Please refer to under the “Portfolio” tab for a complete list of holdings of the Fund, including the securities discussed above.


After a challenging quarter for emerging market currencies, we anticipate that central banks are beginning to recognize the need to address the rapid depreciation of their currencies. Several emerging market governments have begun taking steps to minimize depreciation though intervention. Mexico, for example, restarted a program created in 2009 to sell options in order to limit depreciation of the currency. In order to stem declines in its currency the peso, Colombia halted a program that had regularly purchased U.S. dollars over the last three years. These countermeasures reflect the fearful sentiment of central banks throughout emerging economies in the face of not only currency depreciation, but also rising interest rates. We believe this is a positive sign for currencies as we move into 2015, as this fear will continue to drive central banks to action and lead to an eventual bottom in the broad decline across currencies.

Weakness in oil prices was the major factor driving currencies in the latter half of 2014; however, we believe most emerging market countries will ultimately benefit from this weakness. Several countries maintain fuel subsidies and as oil prices have dropped, these subsidies have been removed.

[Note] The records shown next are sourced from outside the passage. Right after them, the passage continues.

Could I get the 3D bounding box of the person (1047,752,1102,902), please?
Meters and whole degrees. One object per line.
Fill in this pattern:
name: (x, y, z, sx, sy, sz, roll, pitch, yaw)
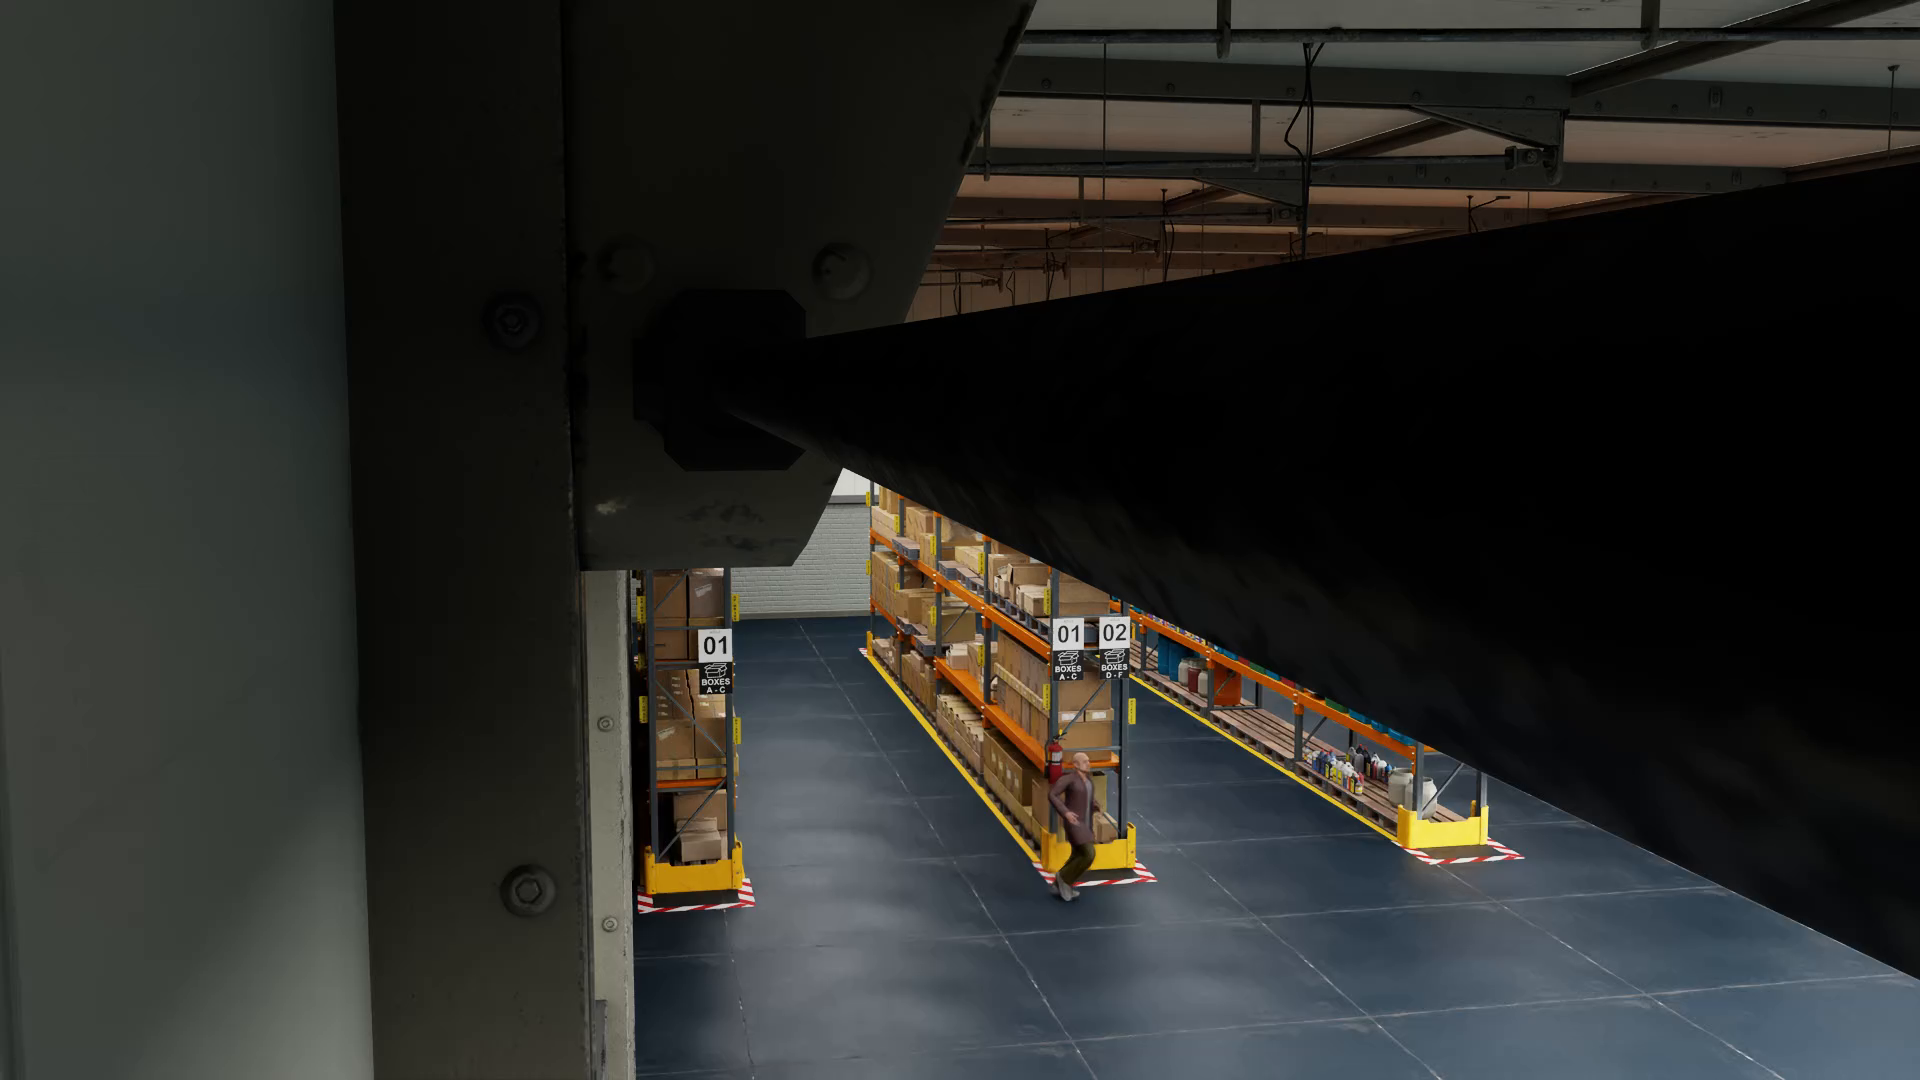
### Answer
person: (1.409, 3.400, 19.796, 0.611, 1.750, 0.738, 4, 7, 34)
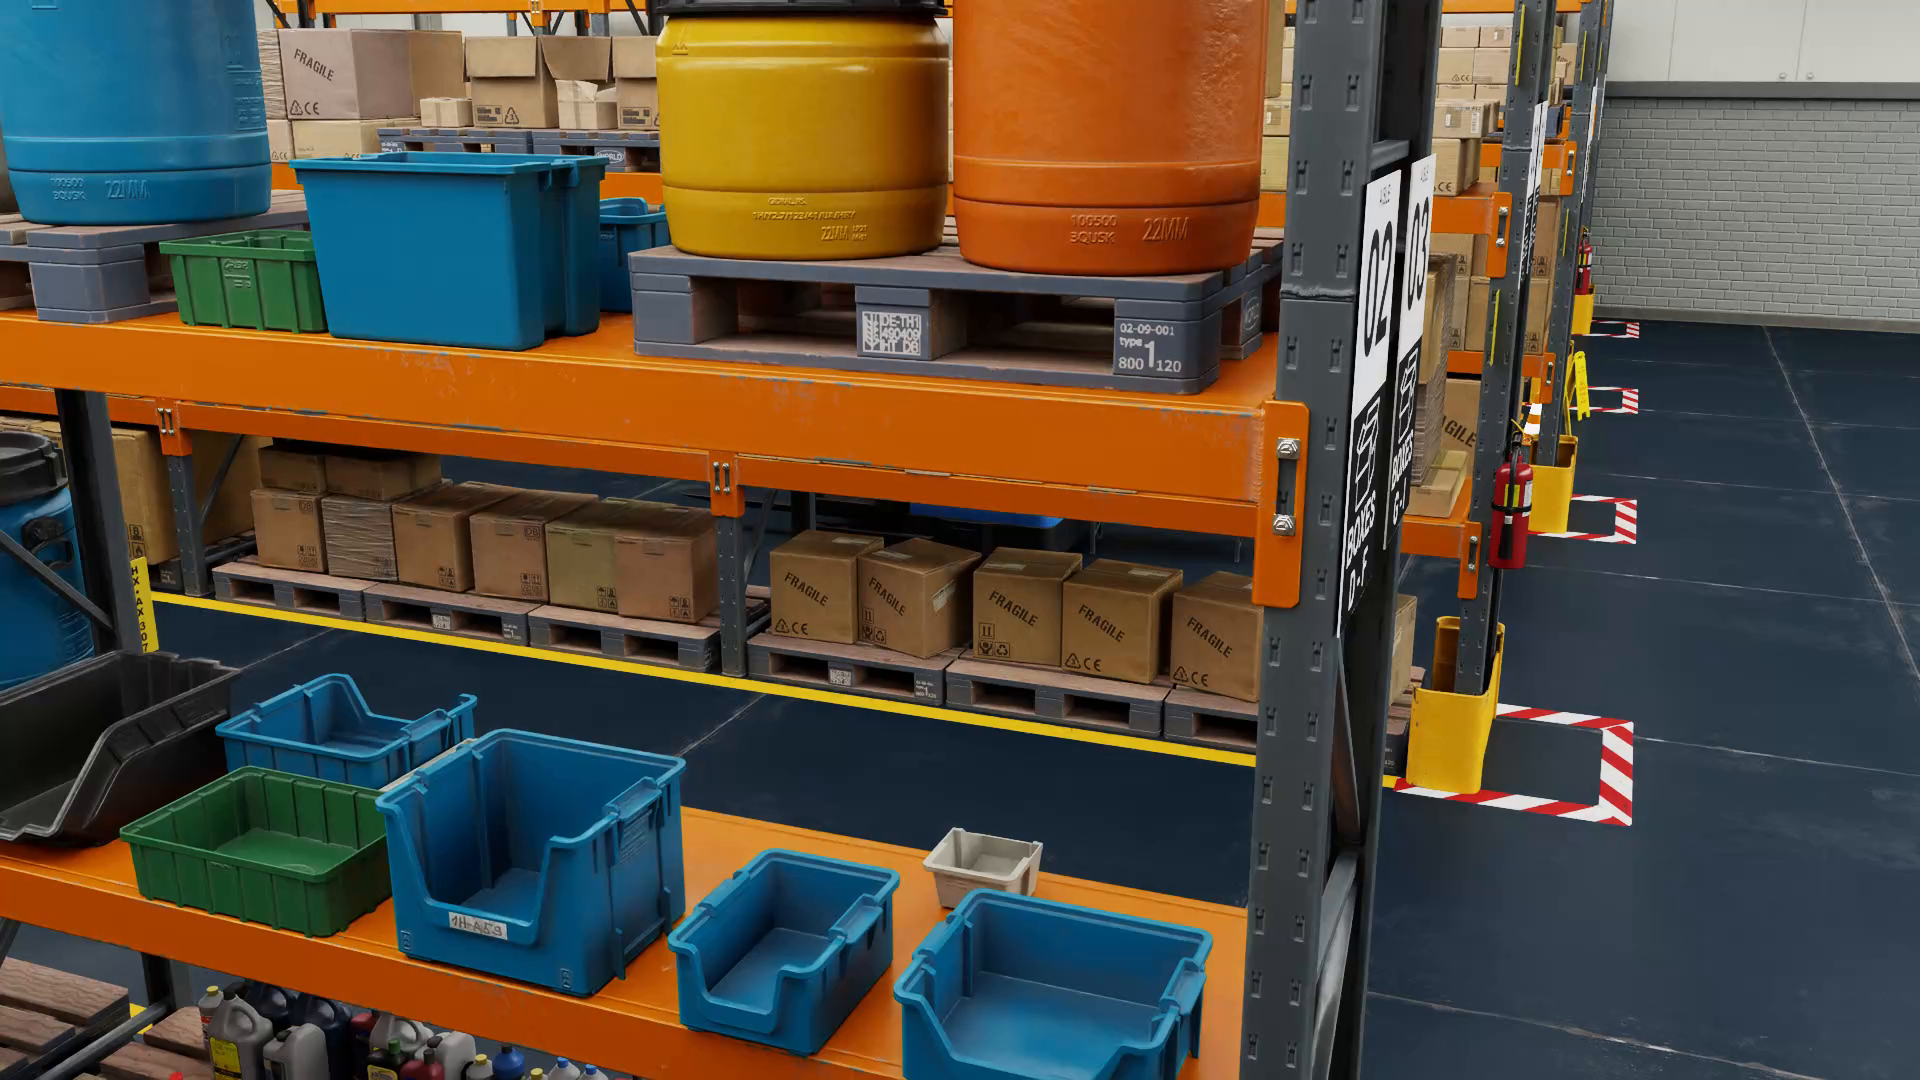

In many cases, despite the removal of subsidies, fuel prices have nonetheless moved lower. Further, by removing fuel subsidies, government balance sheets are improving through lower spending.  

The divergence we witnessed in the third quarter was derailed in the fourth quarter as the fall in oil prices depressed emerging market currencies across the board. Since many countries will ultimately benefit from lower oil prices, we believe that the most important factor going forward is stability. If oil prices begin to stabilize, we believe divergences between countries will reemerge and currency movements will normalize.